Employment
Agreement
This
Employment Agreement ("Agreement") is made as of the 4th day
of April, 2008 (the “Effective Date”), by and between
Hooper Holmes, Inc. , a New York corporation, with its
principal office at 170 Mt. Airy Road, Basking Ridge, New Jersey
07920 (the "Company") and Roy H. Bubbs
("Executive").
RECITALS
WHEREAS, the
Company desires to embody in this Agreement the terms and
conditions of Executive’s employment with the
Company.
NOW, THEREFORE,
in consideration of the mutual promises and agreements contained in
this Agreement, including the compensation to be paid to Executive,
the parties hereby agree as follows:
1.
Employment; Term; Duties and Responsibilities; Board
Membership .
1.1.
Appointment as President and Chief Executive Officer
. The Company hereby employs Executive as its
President and Chief Executive Officer, and Executive hereby accepts
such employment, subject to the terms and conditions of this
Agreement.
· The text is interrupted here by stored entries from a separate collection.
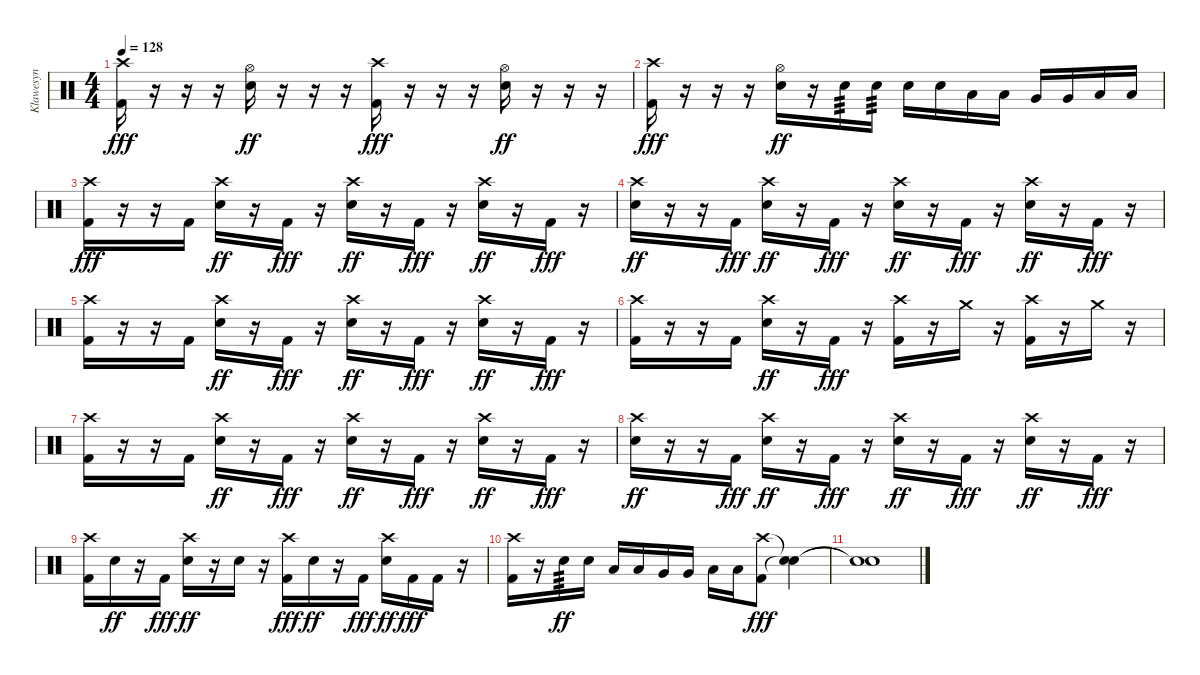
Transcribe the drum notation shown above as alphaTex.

\track ("Klawesyn" "Klawesyn") {instrument percussion}
\staff {score}
\articulation defaults
\ts (4 4)
\tempo 128
\clef neutral
\ks c
("Crash high (hit)" "Kick (hit) 2").16{dy fff} r.16 r.16 r.16 ("Hi-Hat (open)" "Electric Snare (hit)").16{dy ff} r.16 r.16 r.16 ("Crash high (hit)" "Kick (hit) 2").16{dy fff} r.16 r.16 r.16 ("Hi-Hat (open)" "Electric Snare (hit)").16{dy ff} r.16 r.16 r.16 |
("Crash high (hit)" "Kick (hit) 2").16{dy fff} r.16 r.16 r.16 ("Hi-Hat (open)" "Electric Snare (hit)").16{dy ff} r.16 "Electric Snare (hit)".16{tp 3} "Electric Snare (hit)".16{tp 3} "Electric Snare (hit)".16 "Electric Snare (hit)".16 "Low Tom (hit)".16 "Low Tom (hit)".16 "Very Low Tom (hit)".16 "Very Low Tom (hit)".16 "Low Floor Tom (hit)".16 "Low Floor Tom (hit)".16 |
("Crash high (hit)" "Kick (hit) 2").16{dy fff} r.16 r.16 "Kick (hit) 2".16 ("Crash high (hit)" "Electric Snare (hit)").16{dy ff} r.16 "Kick (hit) 2".16{dy fff} r.16 ("Crash high (hit)" "Electric Snare (hit)").16{dy ff} r.16 "Kick (hit) 2".16{dy fff} r.16 ("Crash high (hit)" "Electric Snare (hit)").16{dy ff} r.16 "Kick (hit) 2".16{dy fff} r.16 |
("Crash high (hit)" "Electric Snare (hit)").16{dy ff} r.16 r.16 "Kick (hit) 2".16{dy fff} ("Crash high (hit)" "Electric Snare (hit)").16{dy ff} r.16 "Kick (hit) 2".16{dy fff} r.16 ("Crash high (hit)" "Electric Snare (hit)").16{dy ff} r.16 "Kick (hit) 2".16{dy fff} r.16 ("Crash high (hit)" "Electric Snare (hit)").16{dy ff} r.16 "Kick (hit) 2".16{dy fff} r.16 |
("Crash high (hit)" "Kick (hit) 2").16 r.16 r.16 "Kick (hit) 2".16 ("Crash high (hit)" "Electric Snare (hit)").16{dy ff} r.16 "Kick (hit) 2".16{dy fff} r.16 ("Crash high (hit)" "Electric Snare (hit)").16{dy ff} r.16 "Kick (hit) 2".16{dy fff} r.16 ("Crash high (hit)" "Electric Snare (hit)").16{dy ff} r.16 "Kick (hit) 2".16{dy fff} r.16 |
("Crash high (hit)" "Kick (hit) 2").16 r.16 r.16 "Kick (hit) 2".16 ("Crash high (hit)" "Electric Snare (hit)").16{dy ff} r.16 "Kick (hit) 2".16{dy fff} r.16 ("Crash high (hit)" "Kick (hit) 2").16 r.16 "Crash medium (hit)".16 r.16 ("Crash high (hit)" "Kick (hit) 2").16 r.16 "Crash medium (hit)".16 r.16 |
("Crash high (hit)" "Kick (hit) 2").16 r.16 r.16 "Kick (hit) 2".16 ("Crash high (hit)" "Electric Snare (hit)").16{dy ff} r.16 "Kick (hit) 2".16{dy fff} r.16 ("Crash high (hit)" "Electric Snare (hit)").16{dy ff} r.16 "Kick (hit) 2".16{dy fff} r.16 ("Crash high (hit)" "Electric Snare (hit)").16{dy ff} r.16 "Kick (hit) 2".16{dy fff} r.16 |
("Crash high (hit)" "Electric Snare (hit)").16{dy ff} r.16 r.16 "Kick (hit) 2".16{dy fff} ("Crash high (hit)" "Electric Snare (hit)").16{dy ff} r.16 "Kick (hit) 2".16{dy fff} r.16 ("Crash high (hit)" "Electric Snare (hit)").16{dy ff} r.16 "Kick (hit) 2".16{dy fff} r.16 ("Crash high (hit)" "Electric Snare (hit)").16{dy ff} r.16 "Kick (hit) 2".16{dy fff} r.16 |
("Crash high (hit)" "Kick (hit) 2").16 "Electric Snare (hit)".16{dy ff} r.16 "Kick (hit) 2".16{dy fff} ("Crash high (hit)" "Electric Snare (hit)").16{dy ff} r.16 "Electric Snare (hit)".16 r.16 ("Crash high (hit)" "Kick (hit) 2").16{dy fff} "Electric Snare (hit)".16{dy ff} r.16 "Kick (hit) 2".16{dy fff} ("Crash high (hit)" "Electric Snare (hit)").16{dy ff} "Kick (hit) 2".16{dy fff} "Kick (hit) 2".16 r.16 |
("Crash high (hit)" "Kick (hit) 2").16 r.16 "Electric Snare (hit)".16{tp 3 dy ff} "Electric Snare (hit)".16 "Low Tom (hit)".16 "Low Tom (hit)".16 "Very Low Tom (hit)".16 "Very Low Tom (hit)".16 "Low Floor Tom (hit)".16 "Low Floor Tom (hit)".16 ("Crash high (hit)" "Kick (hit) 2").8{dy fff} ("Snare (hit)"{t} "Snare (hit)"{t}).4 |
("Snare (hit)"{t} "Snare (hit)"{t}).1

Executive represents and warrants to the
Company that he is not a party to any agreement that would restrict
or prohibit him from being employed by the Company. The
Company and Executive acknowledge that Executive has been serving
as the Company’s interim President and Chief Executive
Officer since February 5, 2008.
1.2.
Employment Period . The initial term of
Executive’s employment under this Agreement shall have
commenced on the Effective Date and shall continue until the second
anniversary of the Effective Date or the termination of
Executive’s employment as provided in Section 3 of this
Agreement, whichever shall occur first. This Agreement
will automatically renew for a one-year term upon its initial
expiration unless the employment of Executive has been terminated
prior to the second anniversary of the Effective
Date. The “Term” of this Agreement shall
refer to the period commencing on the Effective Date and ending on
the earlier to occur of: (i) the expiration of the Agreement; (ii)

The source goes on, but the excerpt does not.